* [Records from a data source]
::::
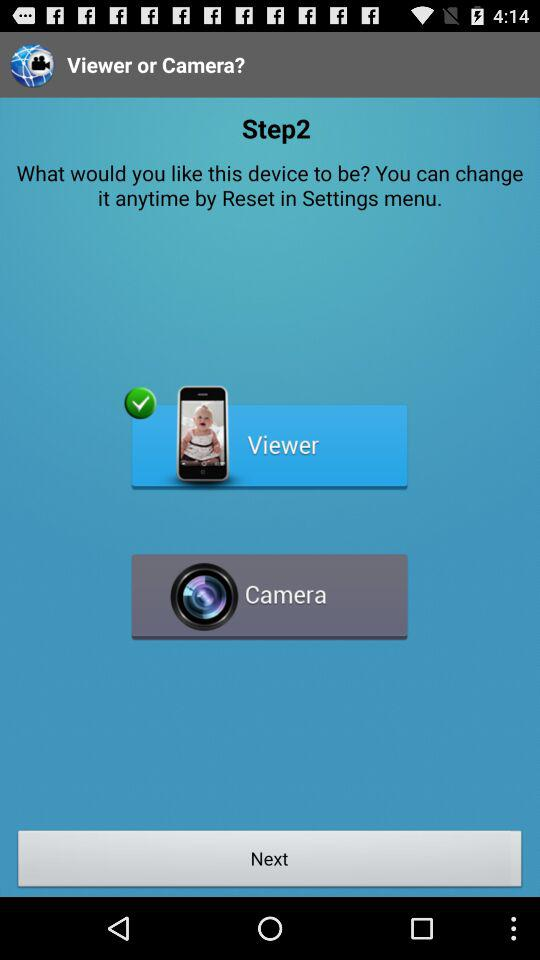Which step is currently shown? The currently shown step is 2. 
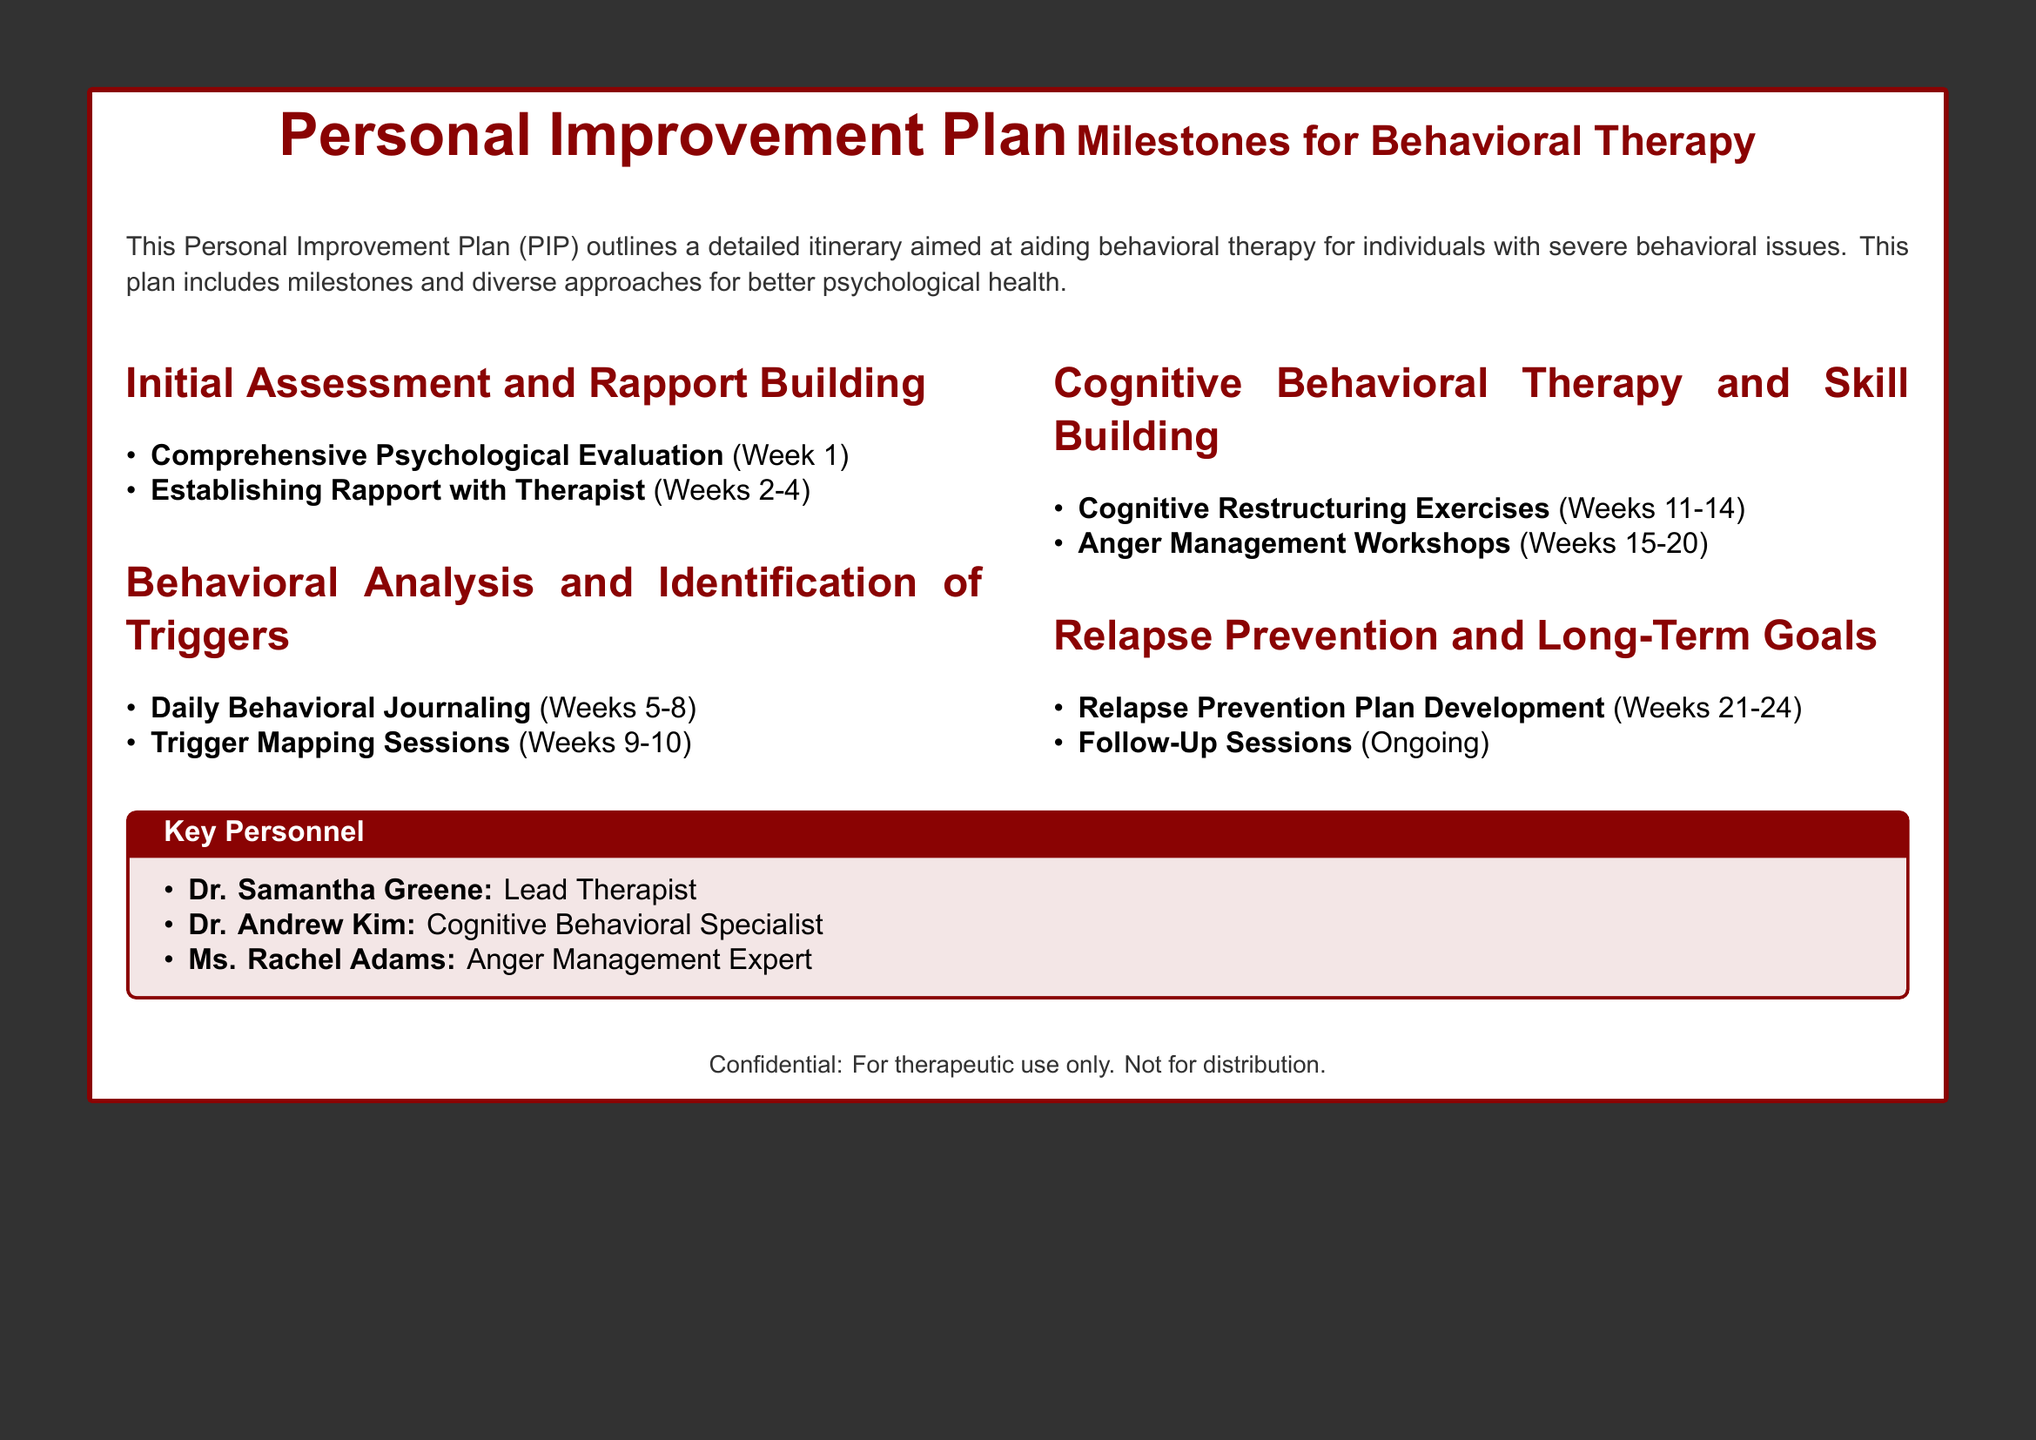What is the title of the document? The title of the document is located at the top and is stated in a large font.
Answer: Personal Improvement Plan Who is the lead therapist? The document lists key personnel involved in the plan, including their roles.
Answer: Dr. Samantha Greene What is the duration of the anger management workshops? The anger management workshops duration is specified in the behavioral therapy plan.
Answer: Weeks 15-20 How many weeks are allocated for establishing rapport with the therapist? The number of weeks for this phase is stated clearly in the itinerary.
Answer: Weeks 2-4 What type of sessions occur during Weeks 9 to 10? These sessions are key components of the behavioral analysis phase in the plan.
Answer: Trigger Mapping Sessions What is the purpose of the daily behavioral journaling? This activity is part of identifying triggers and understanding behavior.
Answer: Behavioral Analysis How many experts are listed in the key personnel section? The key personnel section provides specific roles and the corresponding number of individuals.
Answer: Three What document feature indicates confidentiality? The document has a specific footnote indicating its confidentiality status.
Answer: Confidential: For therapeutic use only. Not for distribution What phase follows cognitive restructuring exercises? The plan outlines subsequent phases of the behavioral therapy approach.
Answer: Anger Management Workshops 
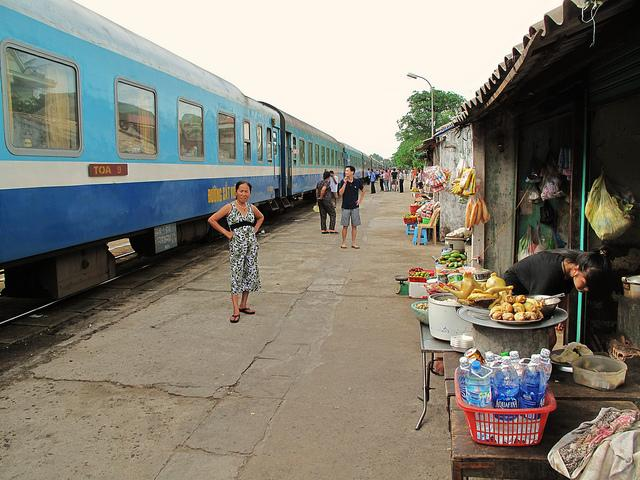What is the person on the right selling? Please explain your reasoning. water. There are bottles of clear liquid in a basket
::::
Return the lines exactly as they stand, from the start of the entries through the line holding "Answer: Anger Management Workshops"; omit the pictures.

Which step is currently shown? The currently shown step is 2. 
What is the title of the document? The title of the document is located at the top and is stated in a large font.
Answer: Personal Improvement Plan Who is the lead therapist? The document lists key personnel involved in the plan, including their roles.
Answer: Dr. Samantha Greene What is the duration of the anger management workshops? The anger management workshops duration is specified in the behavioral therapy plan.
Answer: Weeks 15-20 How many weeks are allocated for establishing rapport with the therapist? The number of weeks for this phase is stated clearly in the itinerary.
Answer: Weeks 2-4 What type of sessions occur during Weeks 9 to 10? These sessions are key components of the behavioral analysis phase in the plan.
Answer: Trigger Mapping Sessions What is the purpose of the daily behavioral journaling? This activity is part of identifying triggers and understanding behavior.
Answer: Behavioral Analysis How many experts are listed in the key personnel section? The key personnel section provides specific roles and the corresponding number of individuals.
Answer: Three What document feature indicates confidentiality? The document has a specific footnote indicating its confidentiality status.
Answer: Confidential: For therapeutic use only. Not for distribution What phase follows cognitive restructuring exercises? The plan outlines subsequent phases of the behavioral therapy approach.
Answer: Anger Management Workshops 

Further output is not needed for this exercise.